Béatrice Guay est étudiante à la Maîtrise en orthophonie de l’Université Laval. Elle fait partie du club de badminton Rouge et Or depuis l’automne 2016.
Mon combat
Dans les lignes qui suivent, vous allez lire certaines réflexions que je n’ai jamais raconté à personne, ni même à ma famille et à mes amis, mais que j’aurais bien aimé entendre par quelqu’un d’autre quand j’allais moins bien. Je considère cela comme une véritable chance de pouvoir profiter aujourd’hui de mon statut d’étudiante-athlète et de la tribune qui m’est m’offerte pour m’exprimer sur ce que j’ai vécu, afin de tenter de sensibiliser et d’aider le plus de gens possible aux prises avec des troubles de santé mentale. Si cela peut faire en sorte qu’une seule personne se reconnaisse dans certains de mes mots, alors mon objectif sera atteint et ce que j’ai vécu n’aura pas valu la peine seulement pour moi.
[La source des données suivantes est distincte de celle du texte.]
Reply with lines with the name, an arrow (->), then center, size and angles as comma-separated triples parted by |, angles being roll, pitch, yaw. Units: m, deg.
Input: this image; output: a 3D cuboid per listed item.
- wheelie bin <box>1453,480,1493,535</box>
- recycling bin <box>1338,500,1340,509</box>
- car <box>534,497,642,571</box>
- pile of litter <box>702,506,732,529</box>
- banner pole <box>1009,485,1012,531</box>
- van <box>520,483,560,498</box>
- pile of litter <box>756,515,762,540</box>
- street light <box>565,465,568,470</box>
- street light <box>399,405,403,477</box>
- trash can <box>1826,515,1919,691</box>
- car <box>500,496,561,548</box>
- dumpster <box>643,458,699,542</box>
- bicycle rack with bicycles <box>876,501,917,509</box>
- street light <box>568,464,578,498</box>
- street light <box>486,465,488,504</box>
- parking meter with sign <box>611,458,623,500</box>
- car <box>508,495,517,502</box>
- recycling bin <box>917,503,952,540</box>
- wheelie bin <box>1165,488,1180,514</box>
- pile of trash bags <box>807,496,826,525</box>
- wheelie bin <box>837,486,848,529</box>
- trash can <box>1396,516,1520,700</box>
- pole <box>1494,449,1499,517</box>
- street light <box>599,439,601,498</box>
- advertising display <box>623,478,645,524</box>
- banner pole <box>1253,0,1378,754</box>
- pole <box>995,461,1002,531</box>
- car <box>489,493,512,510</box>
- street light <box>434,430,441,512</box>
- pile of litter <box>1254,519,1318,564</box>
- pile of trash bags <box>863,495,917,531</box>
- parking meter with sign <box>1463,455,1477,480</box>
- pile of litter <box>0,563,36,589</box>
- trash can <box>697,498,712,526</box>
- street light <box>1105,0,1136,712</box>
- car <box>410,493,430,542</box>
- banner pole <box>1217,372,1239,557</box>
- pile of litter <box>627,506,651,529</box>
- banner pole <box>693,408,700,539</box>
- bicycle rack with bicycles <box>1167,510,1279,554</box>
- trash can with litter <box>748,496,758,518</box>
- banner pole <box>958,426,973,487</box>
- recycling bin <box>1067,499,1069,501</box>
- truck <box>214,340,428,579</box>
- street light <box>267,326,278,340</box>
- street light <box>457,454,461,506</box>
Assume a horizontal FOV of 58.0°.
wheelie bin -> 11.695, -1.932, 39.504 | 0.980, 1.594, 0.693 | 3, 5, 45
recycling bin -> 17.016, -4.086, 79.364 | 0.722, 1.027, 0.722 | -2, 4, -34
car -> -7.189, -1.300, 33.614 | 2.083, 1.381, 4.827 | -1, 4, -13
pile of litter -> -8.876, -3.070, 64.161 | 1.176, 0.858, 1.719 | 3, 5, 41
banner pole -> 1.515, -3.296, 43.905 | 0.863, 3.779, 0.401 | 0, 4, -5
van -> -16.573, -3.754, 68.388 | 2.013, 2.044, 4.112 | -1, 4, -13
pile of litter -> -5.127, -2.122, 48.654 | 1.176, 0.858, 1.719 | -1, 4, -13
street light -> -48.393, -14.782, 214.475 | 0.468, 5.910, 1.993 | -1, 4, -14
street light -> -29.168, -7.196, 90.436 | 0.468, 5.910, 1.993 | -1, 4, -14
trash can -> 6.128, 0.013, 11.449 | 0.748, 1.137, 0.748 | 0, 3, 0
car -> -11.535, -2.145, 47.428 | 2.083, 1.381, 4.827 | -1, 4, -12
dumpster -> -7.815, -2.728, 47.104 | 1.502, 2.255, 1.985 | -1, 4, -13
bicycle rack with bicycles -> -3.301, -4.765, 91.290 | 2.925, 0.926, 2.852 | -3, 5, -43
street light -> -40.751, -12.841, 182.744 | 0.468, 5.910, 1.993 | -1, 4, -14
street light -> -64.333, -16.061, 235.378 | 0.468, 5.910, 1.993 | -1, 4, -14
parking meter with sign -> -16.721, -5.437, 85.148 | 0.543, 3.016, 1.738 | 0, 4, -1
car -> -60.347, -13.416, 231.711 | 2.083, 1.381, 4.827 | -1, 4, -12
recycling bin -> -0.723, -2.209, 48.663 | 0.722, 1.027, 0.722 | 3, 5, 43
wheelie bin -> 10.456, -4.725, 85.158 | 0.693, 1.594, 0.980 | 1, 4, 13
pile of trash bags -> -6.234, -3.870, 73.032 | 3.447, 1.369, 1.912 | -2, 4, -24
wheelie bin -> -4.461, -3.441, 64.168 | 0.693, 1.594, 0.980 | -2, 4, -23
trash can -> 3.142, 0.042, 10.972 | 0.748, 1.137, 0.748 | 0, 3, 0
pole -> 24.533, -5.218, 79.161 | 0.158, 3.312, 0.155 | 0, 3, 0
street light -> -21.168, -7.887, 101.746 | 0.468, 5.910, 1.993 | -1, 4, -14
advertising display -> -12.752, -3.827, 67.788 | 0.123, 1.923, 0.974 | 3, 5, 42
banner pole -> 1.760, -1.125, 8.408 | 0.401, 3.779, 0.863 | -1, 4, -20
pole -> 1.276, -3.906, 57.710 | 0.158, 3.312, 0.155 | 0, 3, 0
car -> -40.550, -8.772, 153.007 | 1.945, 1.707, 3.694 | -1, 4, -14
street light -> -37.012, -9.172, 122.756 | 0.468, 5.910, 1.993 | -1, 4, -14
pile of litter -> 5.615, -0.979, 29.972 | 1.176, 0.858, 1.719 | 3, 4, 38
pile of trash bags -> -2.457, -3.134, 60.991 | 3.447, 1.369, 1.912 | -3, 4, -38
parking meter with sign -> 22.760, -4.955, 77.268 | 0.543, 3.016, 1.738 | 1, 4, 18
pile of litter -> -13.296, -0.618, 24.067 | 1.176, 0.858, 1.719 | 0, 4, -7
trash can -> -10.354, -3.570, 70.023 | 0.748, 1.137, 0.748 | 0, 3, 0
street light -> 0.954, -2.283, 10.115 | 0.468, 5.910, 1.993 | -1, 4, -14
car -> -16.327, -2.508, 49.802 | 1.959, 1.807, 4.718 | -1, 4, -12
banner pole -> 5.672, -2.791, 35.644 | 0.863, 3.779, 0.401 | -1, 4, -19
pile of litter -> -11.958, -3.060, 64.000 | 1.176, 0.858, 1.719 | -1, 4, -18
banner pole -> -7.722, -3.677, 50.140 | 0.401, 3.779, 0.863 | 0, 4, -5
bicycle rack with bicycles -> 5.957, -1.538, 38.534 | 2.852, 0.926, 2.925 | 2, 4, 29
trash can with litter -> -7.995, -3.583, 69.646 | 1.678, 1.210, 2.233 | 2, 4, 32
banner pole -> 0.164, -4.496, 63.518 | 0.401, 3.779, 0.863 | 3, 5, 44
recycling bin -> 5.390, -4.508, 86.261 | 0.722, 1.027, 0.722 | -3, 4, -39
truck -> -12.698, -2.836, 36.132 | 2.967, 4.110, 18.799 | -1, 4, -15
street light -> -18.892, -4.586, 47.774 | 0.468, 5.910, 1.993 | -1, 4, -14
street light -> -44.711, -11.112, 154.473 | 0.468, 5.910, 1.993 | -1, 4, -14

Je ne pensais jamais que je ferais un jour une dépression, moi qui ai fait partie de l’Initiative en santé mentale chez les étudiants-athlètes (ISMÉA), et pourtant ça m’est arrivé insidieusement, à un moment tout à fait imprévisible. Ça arrive aux autres, mais pas à nous, c’est ça qu’on se dit tous hein ?
Les troubles de santé mentale, ça peut toucher tout le monde. Ma mère m’a d’ailleurs déjà dit : on va chez le médecin au moins une fois par année pour faire un suivi de notre santé physique, pourquoi ne pas aller voir un psychologue au moins une fois par année pour faire un suivi de notre santé mentale ? Après avoir bataillé pour préserver ma santé mentale pendant toute la session d’automne dernier, je trouve que ma mère a bien raison (de toute façon, les mères ont toujours raison).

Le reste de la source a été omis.